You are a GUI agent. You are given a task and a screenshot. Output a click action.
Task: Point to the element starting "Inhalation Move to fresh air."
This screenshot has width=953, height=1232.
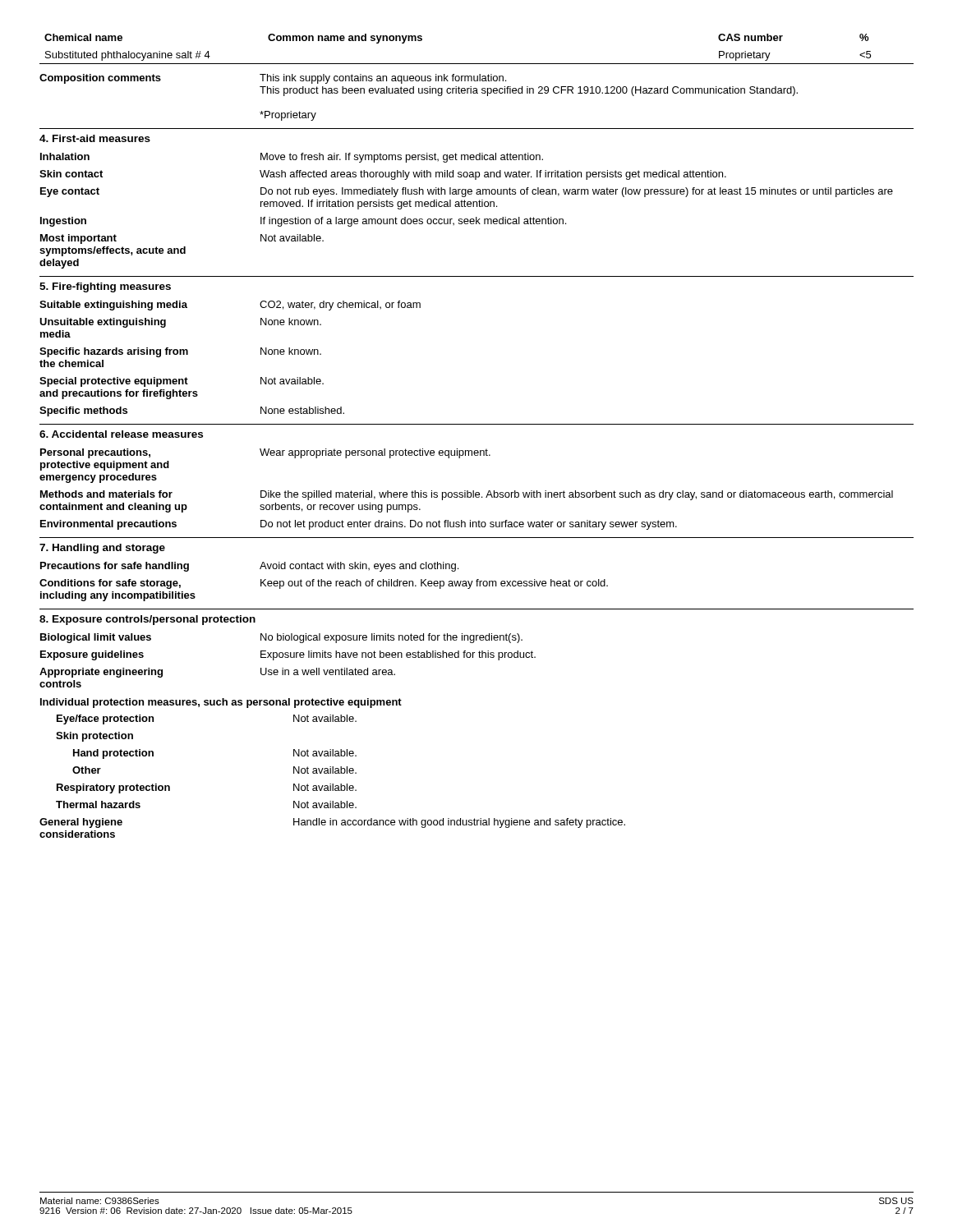click(x=476, y=209)
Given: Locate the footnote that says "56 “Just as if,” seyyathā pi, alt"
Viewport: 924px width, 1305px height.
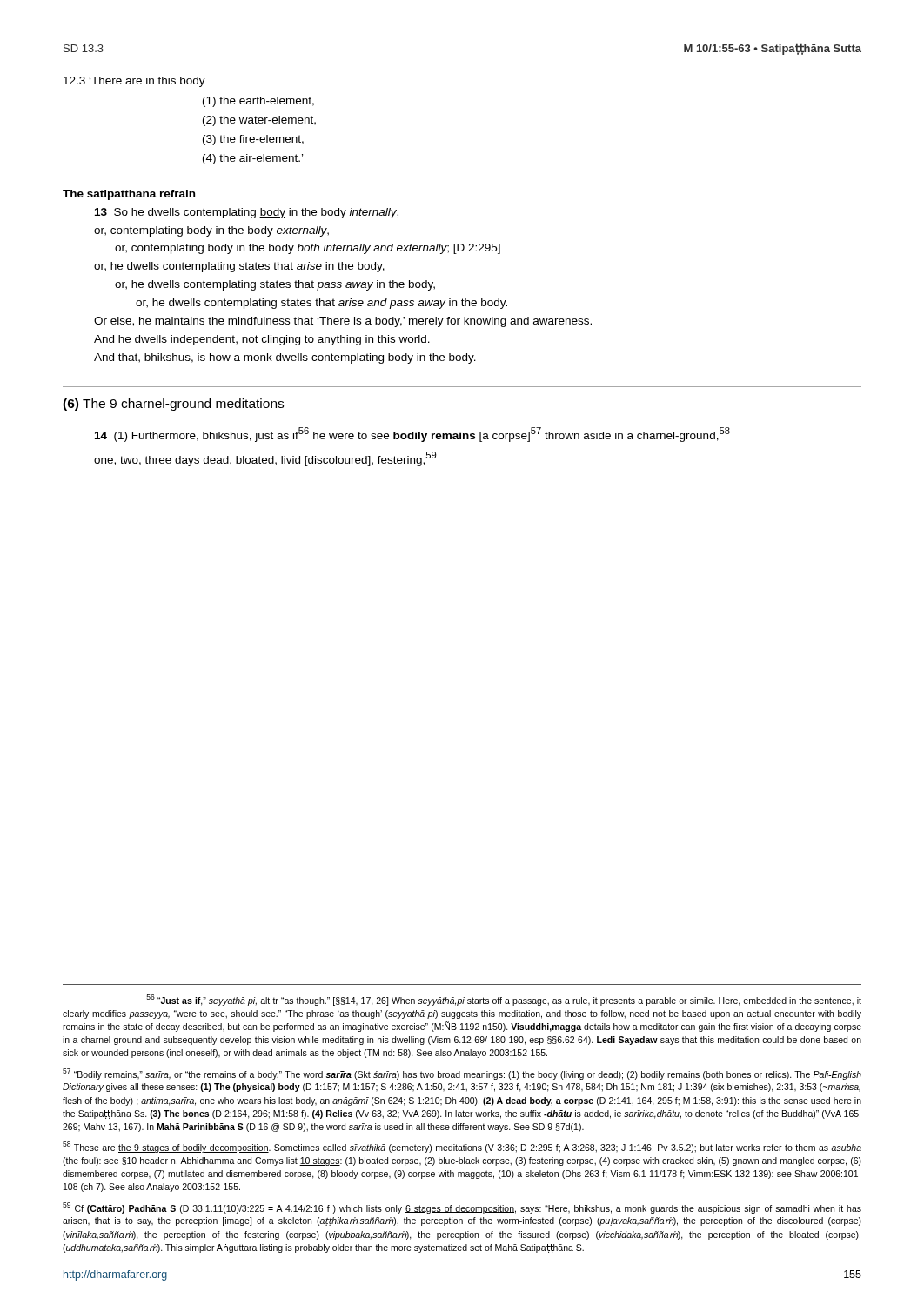Looking at the screenshot, I should 462,1026.
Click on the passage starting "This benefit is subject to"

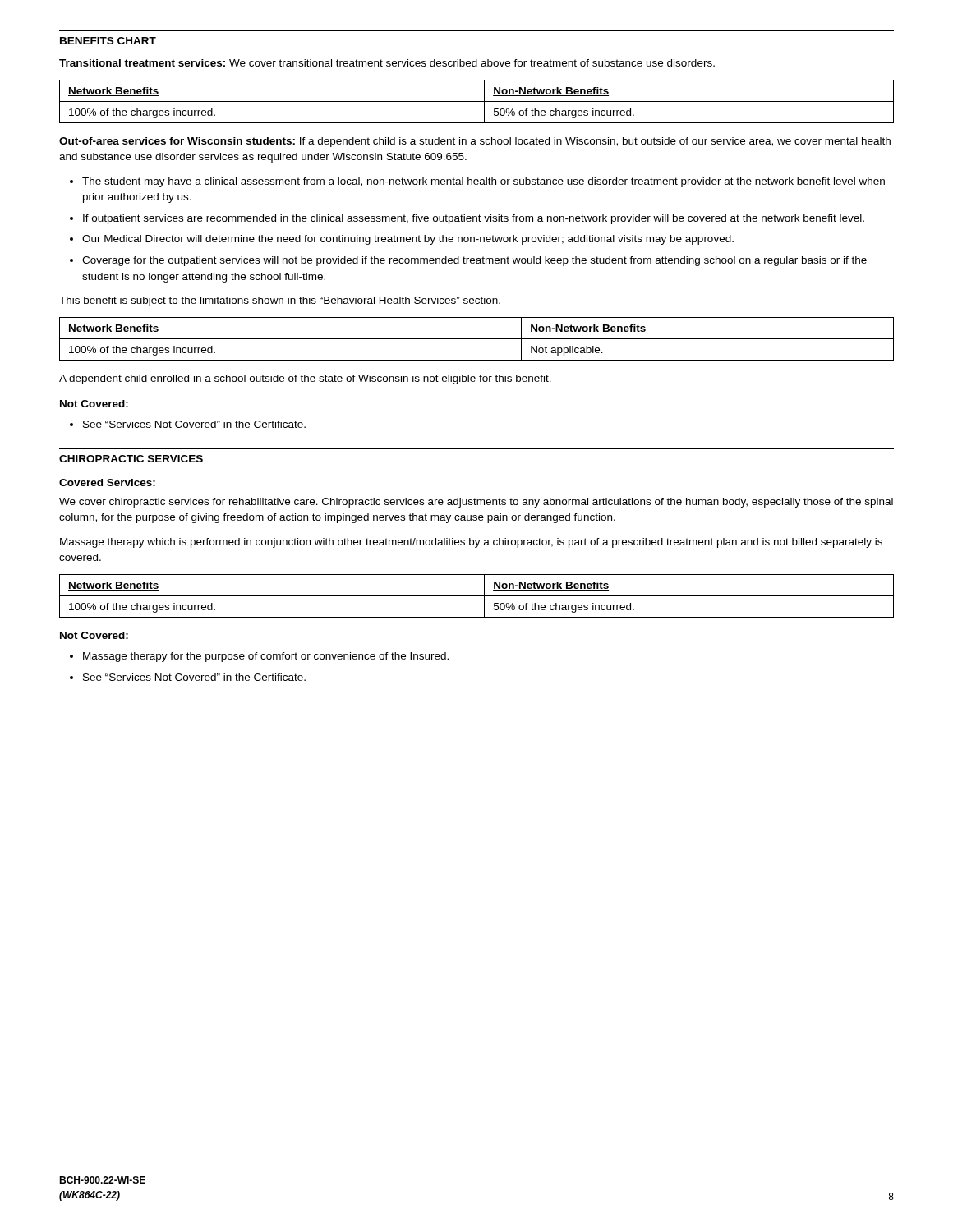[x=280, y=300]

════════════════════

- _Work to be completed_: Copy out the entries verbatim, but skip every picture.

- _Problem solution_:
You are a GUI agent. You are given a task and a screenshot. Output a click action.
Task: Point to the element starting "Inhalation Move to fresh air."
This screenshot has width=953, height=1232.
click(x=476, y=209)
Given: Locate the footnote that says "56 “Just as if,” seyyathā pi, alt"
Viewport: 924px width, 1305px height.
Looking at the screenshot, I should 462,1026.
Click on the passage starting "This benefit is subject to"

[x=280, y=300]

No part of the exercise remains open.